На краю неба появилась огромная медная луна. Засияли горы вдали. Стало светло, тихо и торжественно.
— Принеси вину, — попросил Герасим Степанович.
Сону стрелой помчался к фургону, где был сложен их багаж. Он знал, что Лебедев будет петь, а это случалось не часто.
Герасим Степанович осторожно перебирал струны. Он играл не так, как индийские музыканты, а по-русски, подражая звуку гитары. Помедлив еще немного, он негромко запел. Русские слова, задушевная и широкая русская мелодия звучали среди сияющей тропической ночи:
Выйду я на реченьку, Посмотрю на быструю.

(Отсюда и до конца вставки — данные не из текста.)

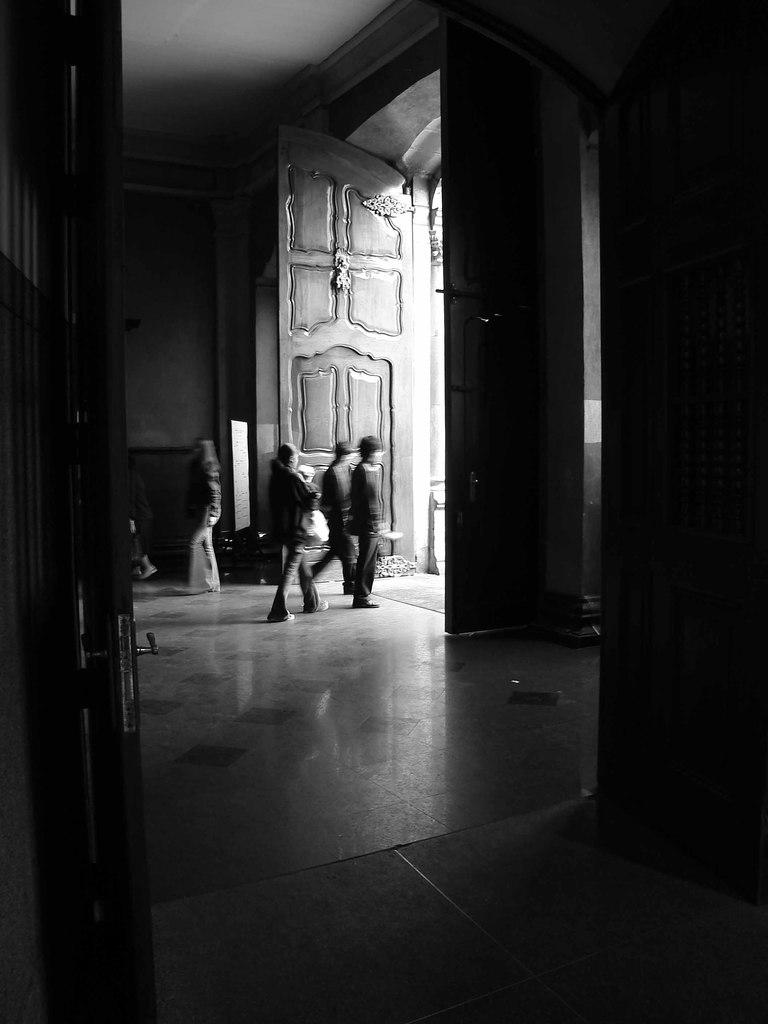How many people are in the image? There is a group of people in the image. Where are the people located? The people are standing inside a building. What can be seen on the walls in the image? There is a wall visible in the image. How can people enter or exit the building? There are doors to the building in the image. What is the color scheme of the image? The image is black and white. What is the price of the shock absorber for the beginner's bicycle in the image? There is no bicycle, shock absorber, or price information present in the image. 
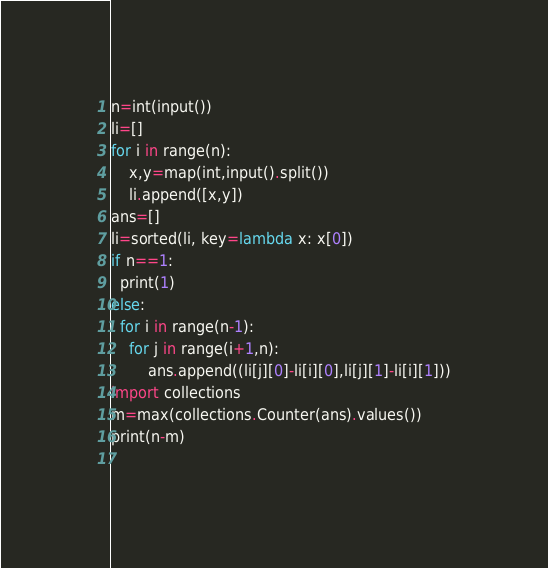Convert code to text. <code><loc_0><loc_0><loc_500><loc_500><_Python_>n=int(input())
li=[]
for i in range(n):
    x,y=map(int,input().split())
    li.append([x,y])
ans=[]
li=sorted(li, key=lambda x: x[0])
if n==1:
  print(1)
else:
  for i in range(n-1):
    for j in range(i+1,n):
        ans.append((li[j][0]-li[i][0],li[j][1]-li[i][1]))
import collections
m=max(collections.Counter(ans).values())
print(n-m)
  



</code> 
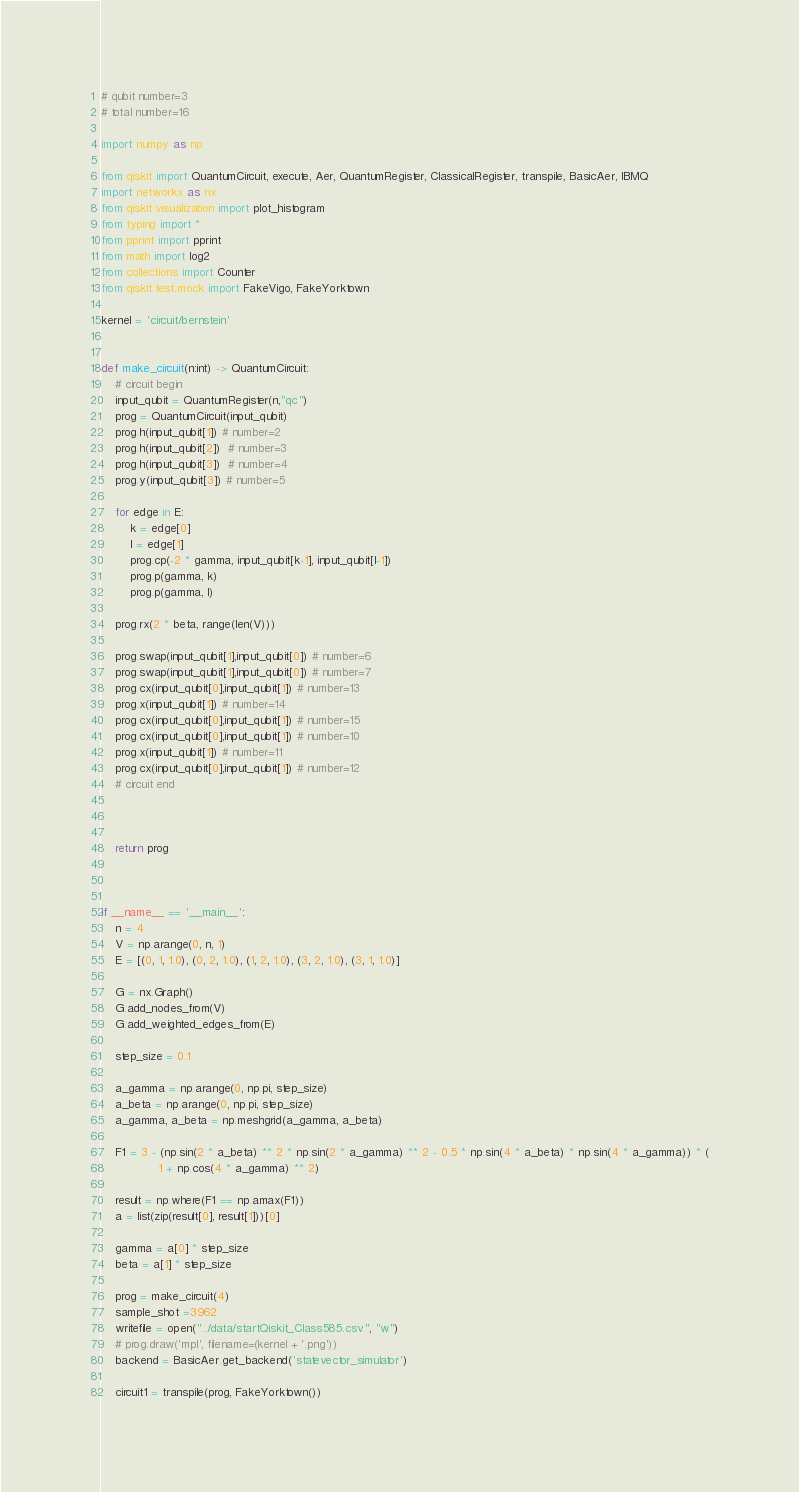Convert code to text. <code><loc_0><loc_0><loc_500><loc_500><_Python_># qubit number=3
# total number=16

import numpy as np

from qiskit import QuantumCircuit, execute, Aer, QuantumRegister, ClassicalRegister, transpile, BasicAer, IBMQ
import networkx as nx
from qiskit.visualization import plot_histogram
from typing import *
from pprint import pprint
from math import log2
from collections import Counter
from qiskit.test.mock import FakeVigo, FakeYorktown

kernel = 'circuit/bernstein'


def make_circuit(n:int) -> QuantumCircuit:
    # circuit begin
    input_qubit = QuantumRegister(n,"qc")
    prog = QuantumCircuit(input_qubit)
    prog.h(input_qubit[1]) # number=2
    prog.h(input_qubit[2])  # number=3
    prog.h(input_qubit[3])  # number=4
    prog.y(input_qubit[3]) # number=5

    for edge in E:
        k = edge[0]
        l = edge[1]
        prog.cp(-2 * gamma, input_qubit[k-1], input_qubit[l-1])
        prog.p(gamma, k)
        prog.p(gamma, l)

    prog.rx(2 * beta, range(len(V)))

    prog.swap(input_qubit[1],input_qubit[0]) # number=6
    prog.swap(input_qubit[1],input_qubit[0]) # number=7
    prog.cx(input_qubit[0],input_qubit[1]) # number=13
    prog.x(input_qubit[1]) # number=14
    prog.cx(input_qubit[0],input_qubit[1]) # number=15
    prog.cx(input_qubit[0],input_qubit[1]) # number=10
    prog.x(input_qubit[1]) # number=11
    prog.cx(input_qubit[0],input_qubit[1]) # number=12
    # circuit end



    return prog



if __name__ == '__main__':
    n = 4
    V = np.arange(0, n, 1)
    E = [(0, 1, 1.0), (0, 2, 1.0), (1, 2, 1.0), (3, 2, 1.0), (3, 1, 1.0)]

    G = nx.Graph()
    G.add_nodes_from(V)
    G.add_weighted_edges_from(E)

    step_size = 0.1

    a_gamma = np.arange(0, np.pi, step_size)
    a_beta = np.arange(0, np.pi, step_size)
    a_gamma, a_beta = np.meshgrid(a_gamma, a_beta)

    F1 = 3 - (np.sin(2 * a_beta) ** 2 * np.sin(2 * a_gamma) ** 2 - 0.5 * np.sin(4 * a_beta) * np.sin(4 * a_gamma)) * (
                1 + np.cos(4 * a_gamma) ** 2)

    result = np.where(F1 == np.amax(F1))
    a = list(zip(result[0], result[1]))[0]

    gamma = a[0] * step_size
    beta = a[1] * step_size

    prog = make_circuit(4)
    sample_shot =3962
    writefile = open("../data/startQiskit_Class585.csv", "w")
    # prog.draw('mpl', filename=(kernel + '.png'))
    backend = BasicAer.get_backend('statevector_simulator')

    circuit1 = transpile(prog, FakeYorktown())</code> 
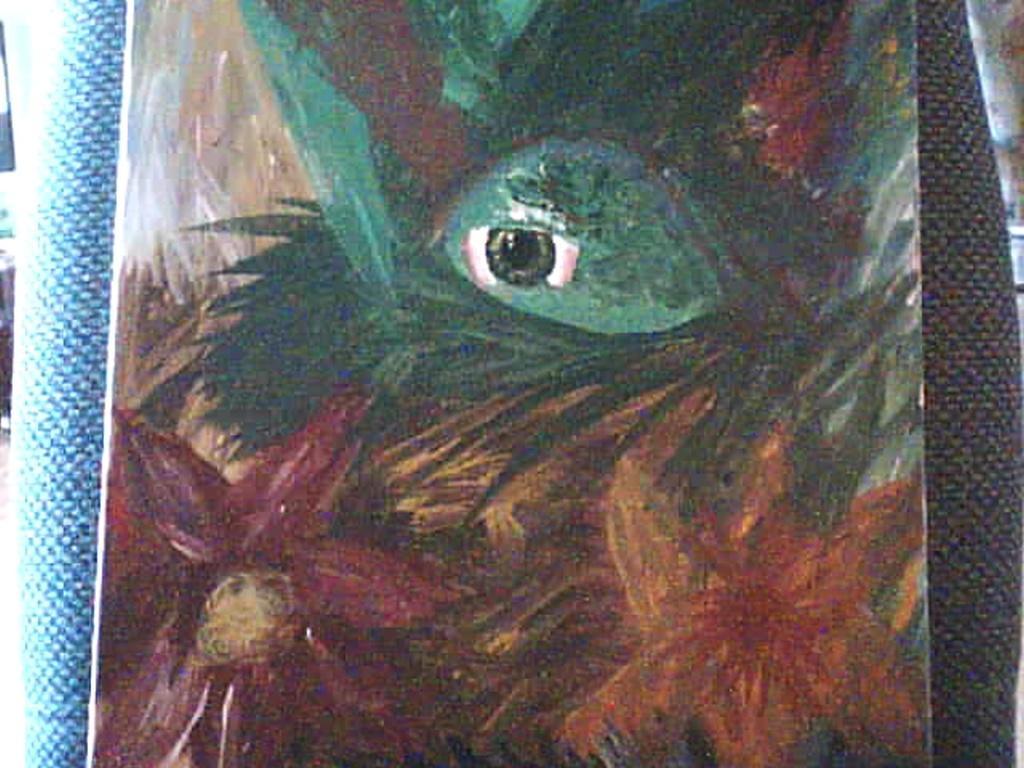In one or two sentences, can you explain what this image depicts? In this image in the front there is a painting. 
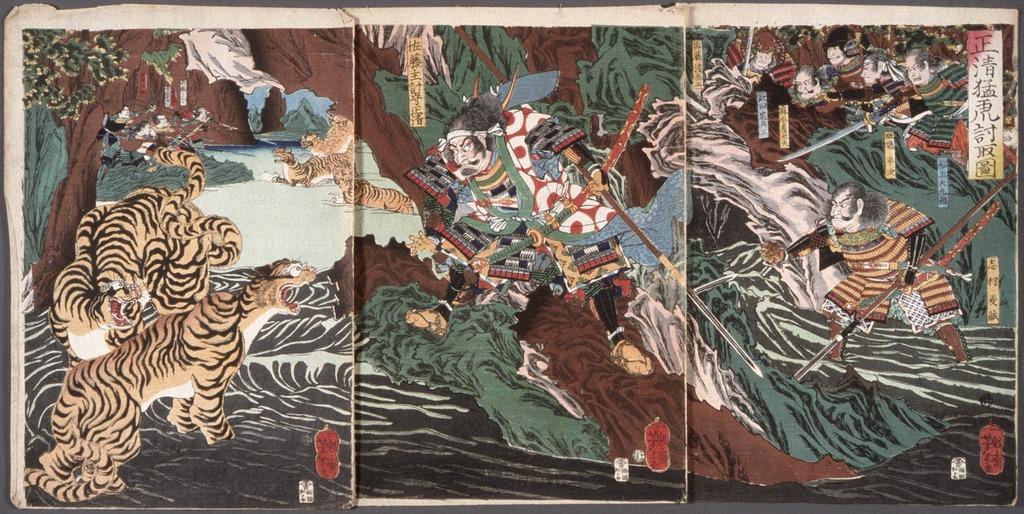Can you describe this image briefly? In this image, we can see three papers with images on the black color object. In these images, we can see people, weapons, animals and some objects. 
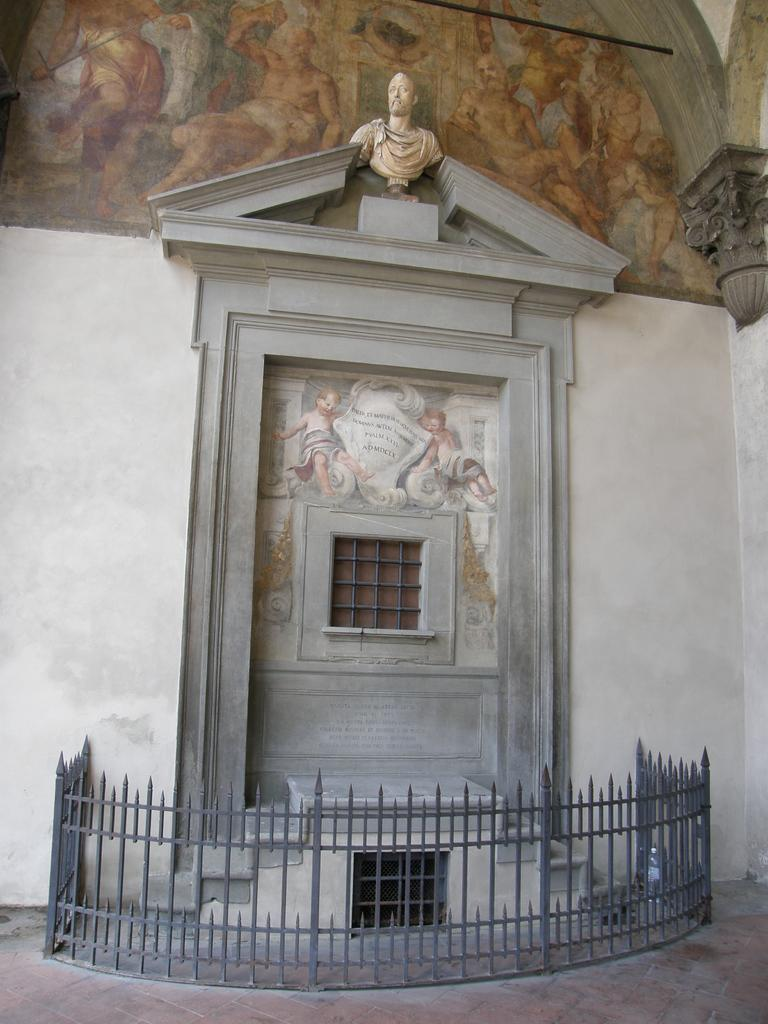What is the main subject in the image? There is a statue in the image. What other structures or objects can be seen in the image? There is a building, a window, and a grill visible in the image. Are there any decorations or artwork in the image? Yes, there are paintings on the walls in the image. How many geese are flying over the statue in the image? There are no geese present in the image; it only features a statue, a building, a window, paintings on the walls, and a grill.

Унеси ты мое горе, Быстра реченька, с собой!Он пел одну за другой милые ему песни: «Не белы снеги», «Ельник», «Зорюшку». А в заключение — ту, с которой были связаны лучшие дни его жизни:
Мой друг! С любезной расставаясь, Зачем «прости» ей говорить, Как будто, с жизнью разлучаясь, Тебе счастливым уж не быть… Не лучше ль просто «до свиданья, До новых радостей» — сказать И в сих мечтах очарованья Себя и время забывать? В прелестну ночь, при лунном свете, Представить радостно себе, Что есть одна душа на свете, Кто вспоминает о тебе…Кончилась песня. Все молчали. Кавери подняла голову и смотрела на артиста не отрывая глаз. Неподдельное восхищение светилось в ее глазах.
— Эта песня похожа на наши, — сказал Сону.
— Пожалуй, — согласился Лебедев, — немного похожа. Должно быть, потому, что она цыганская… Слова русские, а мелодия цыганская. Говорят, цыгане — родня индийцам.
— А о чем песня? — спросил Деффи.
— Как вам объяснить?.. — Герасим Степанович попытался перевести на английский. — Нет, Патрик! — махнул он рукой. — Получается чепуха. Совсем не то.
— Да, — подтвердил Сону, — песню объяснить нельзя.
— А я понимаю! — неожиданно сказала Кавери.
Она тотчас же встала и медленно пошла в сторону тонга.
Немного погодя отправился на покой и Сону. Лебедев с Деффи остались одни.
— «…есть одна душа на свете, кто вспоминает о тебе», — повторил Герасим Степанович и перевел по-английски. — Увы! — вздохнул он. — На всем свете нет такой души. Никто не вспоминает о нас с вами, Патрик!.. Но девушка, право, прелестна! Нравится она вам?
— Кавери? — Деффи подумал. — Да, она славная и по здешним понятиям — красавица. Но я к такой красоте равнодушен.